Hi, friends - my microphone is on the blink so just a post to read today. As longtime subscribers know, we stick to a pretty strict editorial schedule here at the Blue Million Miles and I wanted to get this out before I’m able to rejigger my recording setup. Anyway, here it is. Thanks as always for reading.
All I have to go on is the photograph, so let me describe it to you.
In the foreground a child stands at the edge of the water, or just in it rather. The receding wave up to her ankle. Her back is to the camera and she looks to her left, out over the water and across the frame, in the direction of a great blue heron, not ten feet away, who has just taken flight. At such proximity it is both awesome and awkward, the heron. Its wingspan is enormous. Its neck and legs gangling below. And the child posture suggests astonishment - the head tilted upward, as to the heavens, the shoulders tensed, arms braced. And all of this in the golden light of dusk.

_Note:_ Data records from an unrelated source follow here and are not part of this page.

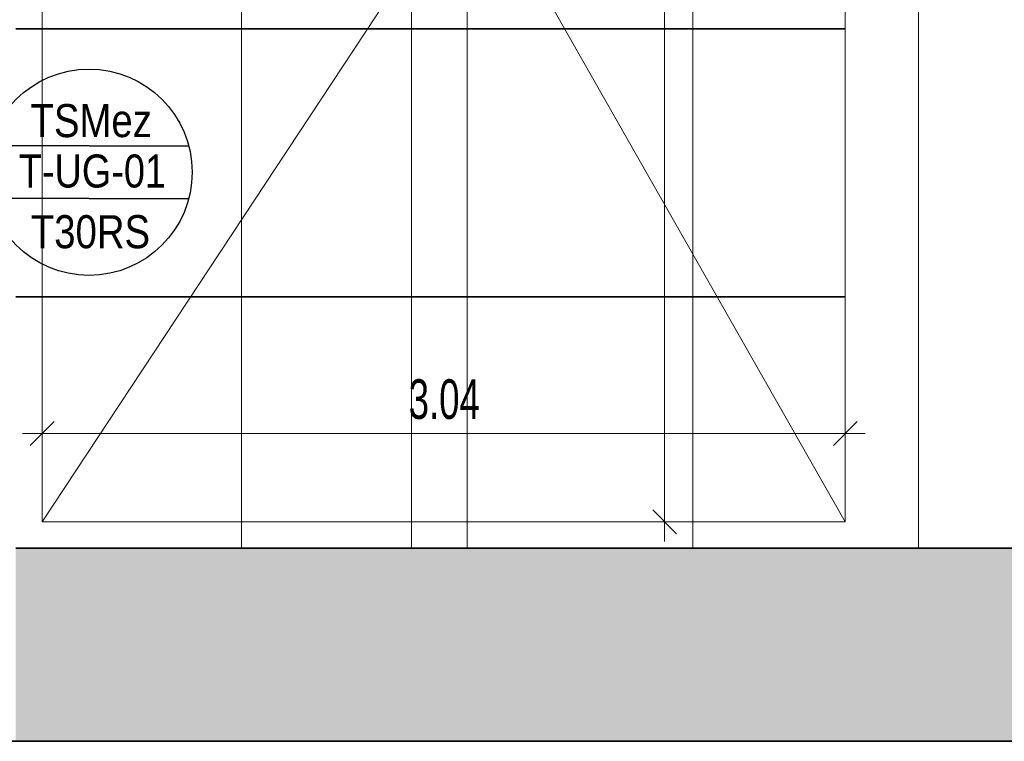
# Model space of a CAD drawing. Extents: x 69 to 739, y -141 to 453.
# Tile 42 of 48: x 339 to 413, y 145 to 200. Entities that reach past the tile are written whole.
import ezdxf
from ezdxf.lldxf.tags import DXFTag

# ---------------------------------------------------------------- set-up
doc = ezdxf.new("R2010")
doc.units = 0
doc.layers.get('0').update_dxf_attribs({"lineweight": 5})
for name, color, linetype, lineweight in [('5_UG-ABRISS', 7, 'Continuous', 25), ('5_UG-BESTAND', 7, 'Continuous', 25), ('5_UG-NEU', 7, 'Continuous', 25), ('5_UG-TEXT-MASS', 7, 'Continuous', 25), ('5_UG-TÜRSTEMPEL', 7, 'Continuous', 25)]:
    doc.layers.add(name, color=color, linetype=linetype, lineweight=lineweight)
doc.layers.add('Ausgeblendet', color=3, linetype='Continuous', lineweight=35, true_color=0x00ff00)
doc.styles.get("Standard").update_dxf_attribs({"font": 'arial.ttf'})
tags = doc.linetypes.add('ALL_S17', pattern=[0.0005, 0, -0.0005]).pattern_tags.tags
tags[6:7] = [DXFTag(74, 4), DXFTag(75, 0), DXFTag(340, '0'), DXFTag(46, 1.0), DXFTag(50, 0.0), DXFTag(44, 0.0), DXFTag(45, 0.0)]
tags[4:5] = [DXFTag(74, 4), DXFTag(75, 0), DXFTag(340, '0'), DXFTag(46, 1.0), DXFTag(50, 0.0), DXFTag(44, 0.0), DXFTag(45, 0.0)]
tags = doc.linetypes.add('PUNKT2_S9', pattern=[0.0005, 0, -0.0005]).pattern_tags.tags
tags[6:7] = [DXFTag(74, 4), DXFTag(75, 0), DXFTag(340, '0'), DXFTag(46, 1.0), DXFTag(50, 0.0), DXFTag(44, 0.0), DXFTag(45, 0.0)]
tags[4:5] = [DXFTag(74, 4), DXFTag(75, 0), DXFTag(340, '0'), DXFTag(46, 1.0), DXFTag(50, 0.0), DXFTag(44, 0.0), DXFTag(45, 0.0)]
tags = doc.linetypes.add('STRICHPUNKT2_S5', pattern=[0.01, 0.008, -0.001, 0, -0.001]).pattern_tags.tags
tags[10:11] = [DXFTag(74, 4), DXFTag(75, 0), DXFTag(340, '0'), DXFTag(46, 1.0), DXFTag(50, 0.0), DXFTag(44, 0.0), DXFTag(45, 0.0)]
tags[8:9] = [DXFTag(74, 4), DXFTag(75, 0), DXFTag(340, '0'), DXFTag(46, 1.0), DXFTag(50, 0.0), DXFTag(44, 0.0), DXFTag(45, 0.0)]
tags[6:7] = [DXFTag(74, 4), DXFTag(75, 0), DXFTag(340, '0'), DXFTag(46, 1.0), DXFTag(50, 0.0), DXFTag(44, 0.0), DXFTag(45, 0.0)]
tags[4:5] = [DXFTag(74, 4), DXFTag(75, 0), DXFTag(340, '0'), DXFTag(46, 1.0), DXFTag(50, 0.0), DXFTag(44, 0.0), DXFTag(45, 0.0)]
tags = doc.linetypes.add('VERDECKT2_S2', pattern=[0.0027, 0.002, -0.0007]).pattern_tags.tags
tags[6:7] = [DXFTag(74, 4), DXFTag(75, 0), DXFTag(340, '0'), DXFTag(46, 1.0), DXFTag(50, 0.0), DXFTag(44, 0.0), DXFTag(45, 0.0)]
tags[4:5] = [DXFTag(74, 4), DXFTag(75, 0), DXFTag(340, '0'), DXFTag(46, 1.0), DXFTag(50, 0.0), DXFTag(44, 0.0), DXFTag(45, 0.0)]

# ---------------------------------------------------------------- blocks, each defined once
blk = doc.blocks.new('Referenz-A06HSZPONL', base_point=(0, -118.617))
at = {"layer": '5_UG-ABRISS', "color": 0, "linetype": 'ALL_S17', "lineweight": 13, "ltscale": 0.13}
for p, q in [((338.345, 199.112), (401.105, 199.112)), ((338.345, 178.852), (401.105, 178.852))]:
    blk.add_line(p, q, dxfattribs=at)
at = {"layer": '5_UG-ABRISS', "color": 0, "lineweight": 35}
for p, q in [((338.345, 199.112), (401.105, 199.112)), ((338.345, 178.852), (401.105, 178.852))]:
    blk.add_line(p, q, dxfattribs=at)
at = {"layer": '5_UG-BESTAND', "color": 0, "linetype": 'STRICHPUNKT2_S5', "lineweight": 13, "ltscale": 0.13}
for p, q in [((355.422, 159.839), (355.422, 357.683)), ((368.298, 159.839), (368.298, 357.683)), ((372.498, 159.839), (372.498, 357.683)), ((389.574, 159.839), (389.574, 357.683)), ((406.651, 159.839), (406.651, 357.683)), ((406.651, 159.839), (406.651, 357.683))]:
    blk.add_line(p, q, dxfattribs=at)
at = {"layer": '5_UG-BESTAND', "color": 0, "lineweight": 35}
for p, q in [((476.617, 159.839), (338.345, 159.839)), ((109.465, 145.239), (490.445, 145.239))]:
    blk.add_line(p, q, dxfattribs=at)
at = {"layer": '5_UG-NEU', "color": 0, "linetype": 'PUNKT2_S9', "lineweight": 13, "ltscale": 0.13}
for p, q in [((340.345, 161.839), (399.651, 251.703)), ((360.345, 233.439), (401.105, 161.839))]:
    blk.add_line(p, q, dxfattribs=at)
at = {"layer": '5_UG-NEU', "color": 0, "linetype": 'VERDECKT2_S2', "lineweight": 13, "ltscale": 0.13}
for p, q in [((401.105, 251.703), (401.105, 161.839)), ((340.345, 233.439), (340.345, 161.839)), ((340.345, 161.839), (401.105, 161.839))]:
    blk.add_line(p, q, dxfattribs=at)
at = {"layer": '5_UG-TEXT-MASS', "color": 0, "lineweight": 13}
for p, q in [((387.441, 161.839), (387.441, 202.276)), ((340.345, 168.515), (340.345, 170.015)), ((401.105, 168.515), (401.105, 170.015)), ((339.445, 167.615), (341.245, 169.415)), ((400.205, 167.615), (402.005, 169.415)), ((340.345, 168.515), (338.845, 168.515)), ((340.345, 168.515), (340.345, 167.015)), ((340.345, 168.515), (367.303, 168.515)), ((367.303, 168.515), (401.105, 168.515)), ((401.105, 168.515), (401.105, 167.015)), ((401.105, 168.515), (402.605, 168.515)), ((388.341, 160.939), (386.541, 162.739)), ((387.441, 161.839), (385.941, 161.839)), ((387.441, 161.839), (388.941, 161.839)), ((387.441, 161.839), (387.441, 160.339))]:
    blk.add_line(p, q, dxfattribs=at)
at = {"layer": '5_UG-TÜRSTEMPEL', "color": 0, "lineweight": -2}
for p, q in [((343.891, 190.276), (336.351, 190.276)), ((343.891, 190.276), (351.43, 190.276)), ((343.891, 186.276), (336.351, 186.276)), ((343.891, 186.276), (351.43, 186.276))]:
    blk.add_line(p, q, dxfattribs=at)
blk.add_circle((343.891, 188.276), 7.8, dxfattribs=at)
at = {"layer": 'Ausgeblendet', "color": 0, "linetype": 'Continuous', "lineweight": 13, "ltscale": 0.13}
for points in [[(338.345, 145.239), (338.345, 159.839), (476.617, 145.239)], [(476.617, 145.239), (338.345, 159.839), (476.617, 159.839)]]:
    blk.add_solid(points, dxfattribs=at)
at = {"layer": '5_UG-TEXT-MASS', "color": 0, "lineweight": -2, "insert": (368.074, 172.616), "char_height": 3, "attachment_point": 1}
blk.add_mtext('{\\W0.66;\\fArial;3.04}', dxfattribs=at)
at = {"layer": '5_UG-TÜRSTEMPEL', "color": 0, "lineweight": -2, "char_height": 2.5, "attachment_point": 1}
for s, insert in [('{\\W0.83;\\fArial;TSMez}', (339.462, 193.428)), ('{\\W0.82;\\fArial;T-UG-01}', (338.574, 189.617)), ('{\\W0.83;\\fArial;T30RS}', (339.485, 185.027))]:
    blk.add_mtext(s, dxfattribs=dict(at, insert=insert))

msp = doc.modelspace()

# ---------------------------------------------------------------- block references
at = {"color": 251, "lineweight": 25, "ltscale": 0.25, "true_color": 0x585858}
msp.add_blockref('Referenz-A06HSZPONL', (0, -118.617), dxfattribs=at)

doc.saveas('drawing.dxf')

Dauphin Island, the image’s metadata informs. Pelican Cove, to be more exact. 6:23 pm.
I witnessed this encounter. I shared in it, reacted to it. I must have. Must have followed my daughter as she followed the heron up the beach, stalking it. Gleeful to be this close and for so long before it took flight. But when I think back, it is only the photograph that I remember. Only the photograph that I can remember. When I call up this memory, this ecstatic moment, what comes to my mind’s eye is the photograph. There were moments before, moments after surely. But they are gone. Supplanted. The continuous flow of life in all its sensuousness — the soggy ocean stink, somehow still enticing; the grit and give of sand underfoot; the sunburn itch; whatever we felt and said or didn’t say in the stunned magic of the encounter — all of it is gone. What’s left is the photograph.
Sally Mann, that extraordinary chronicler of family life, writes about the paradox of photographing those most precious to us. When we outsource the work of remembering to the camera, she explains, “our ability to remember is diminished and what memories we have are impoverished” even as - or especially as - we turn the lens on our loved ones, the ones we most desire to remember.
When we release the shutter with the lens aimed their way, we preserve that sliver of time to celluloid or pixel but we also apprehend them - and us - from time’s current.
If you take enough photographs of someone, Mann suggests, eventually they become the person. “I don’t have a memory of [my father]; I have a memory of the photograph.”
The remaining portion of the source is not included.